* What the exercise asks
Print every entry again exactly, with no pictures.

[Extracted records]
○ ○ ○ ○
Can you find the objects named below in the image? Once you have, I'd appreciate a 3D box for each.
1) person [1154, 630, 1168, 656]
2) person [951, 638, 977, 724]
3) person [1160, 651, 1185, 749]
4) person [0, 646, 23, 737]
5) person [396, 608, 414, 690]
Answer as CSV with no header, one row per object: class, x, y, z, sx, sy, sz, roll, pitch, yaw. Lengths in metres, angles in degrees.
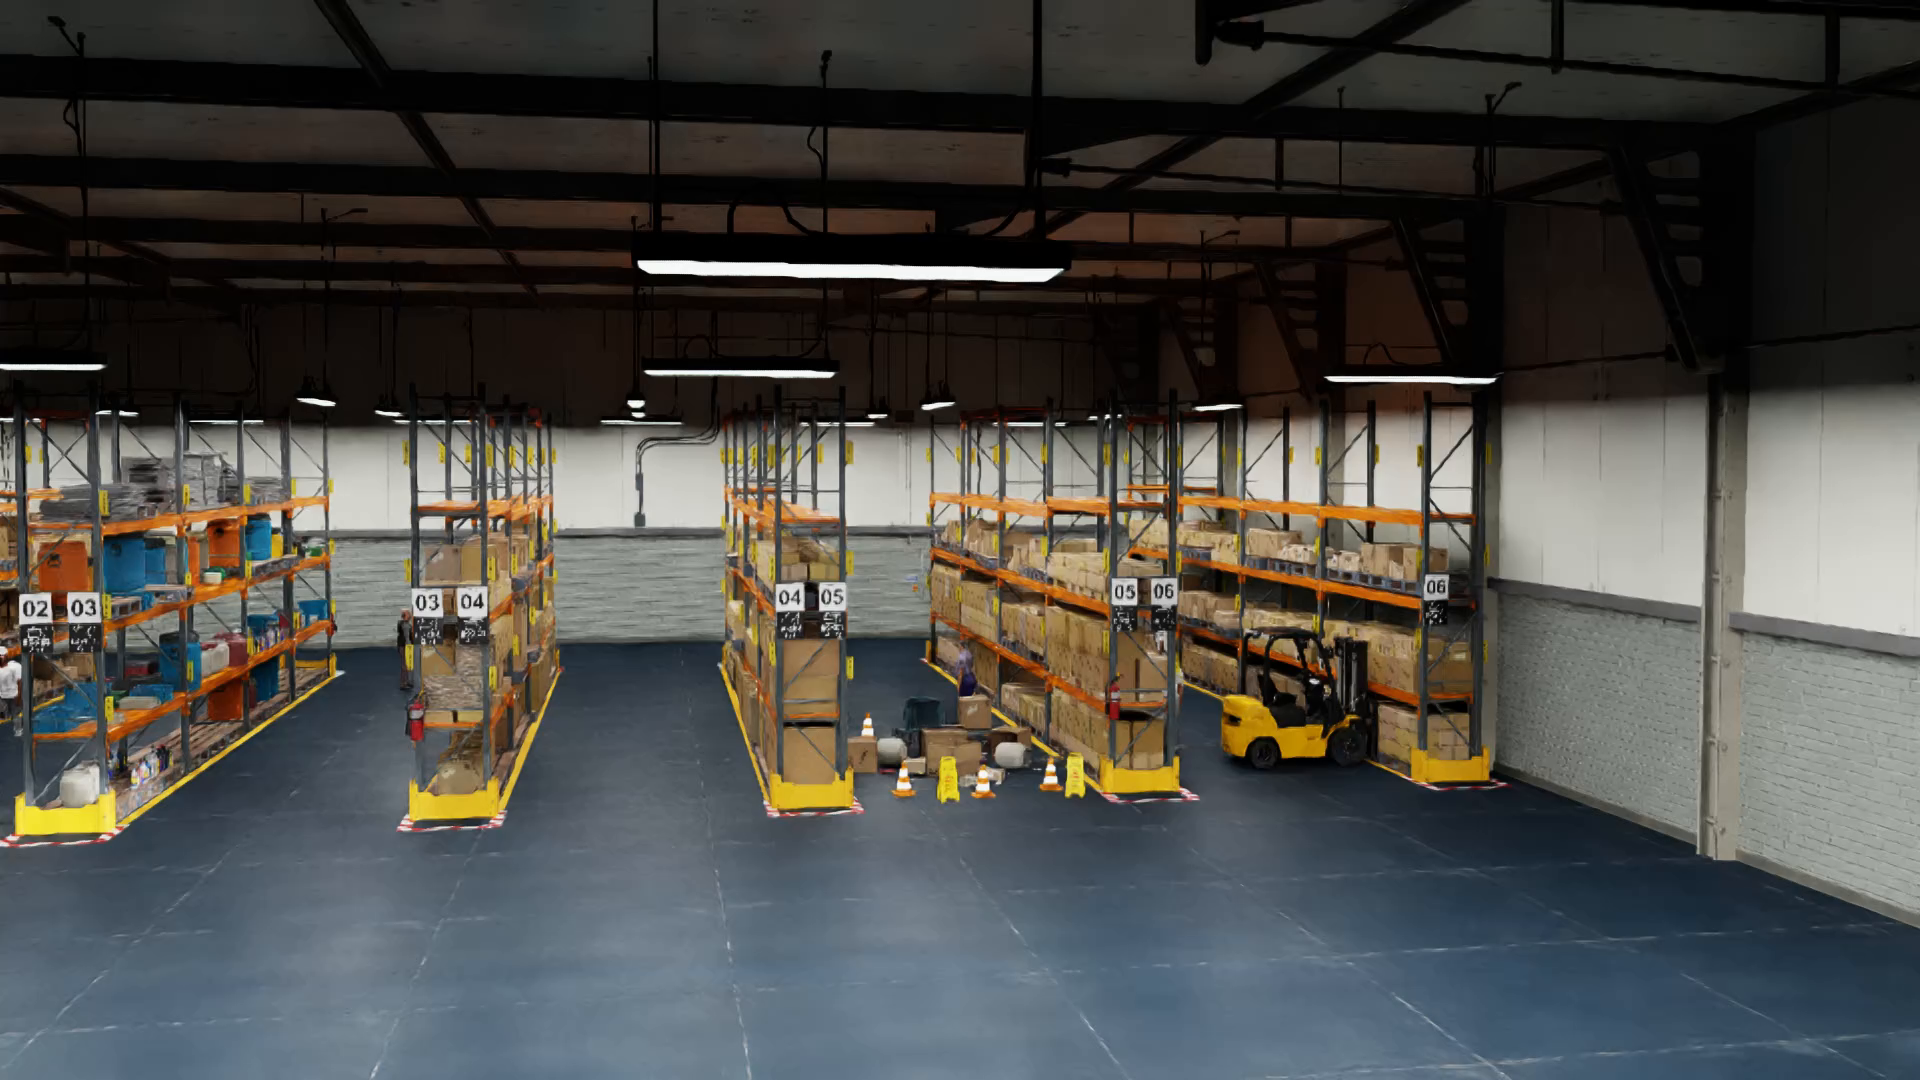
person,4.262,2.378,35.095,0.560,1.663,0.586,1,3,10
person,0.066,2.630,30.493,0.551,1.630,0.598,1,3,14
person,3.622,2.717,28.480,0.449,1.671,0.531,-3,4,-41
person,-16.635,2.679,28.956,0.575,1.689,1.128,-1,3,-13
person,-11.836,2.319,35.573,0.401,1.726,0.627,-2,3,-30
○ ○ ○ ○
* Response to this task
Can you find the objects named below in the image? Once you have, I'd appreciate a 3D box for each.
1) person [1154, 630, 1168, 656]
2) person [951, 638, 977, 724]
3) person [1160, 651, 1185, 749]
4) person [0, 646, 23, 737]
5) person [396, 608, 414, 690]
Answer as CSV with no header, one row per object: class, x, y, z, sx, sy, sz, roll, pitch, yaw. Lengths in metres, angles in degrees.
person,4.262,2.378,35.095,0.560,1.663,0.586,1,3,10
person,0.066,2.630,30.493,0.551,1.630,0.598,1,3,14
person,3.622,2.717,28.480,0.449,1.671,0.531,-3,4,-41
person,-16.635,2.679,28.956,0.575,1.689,1.128,-1,3,-13
person,-11.836,2.319,35.573,0.401,1.726,0.627,-2,3,-30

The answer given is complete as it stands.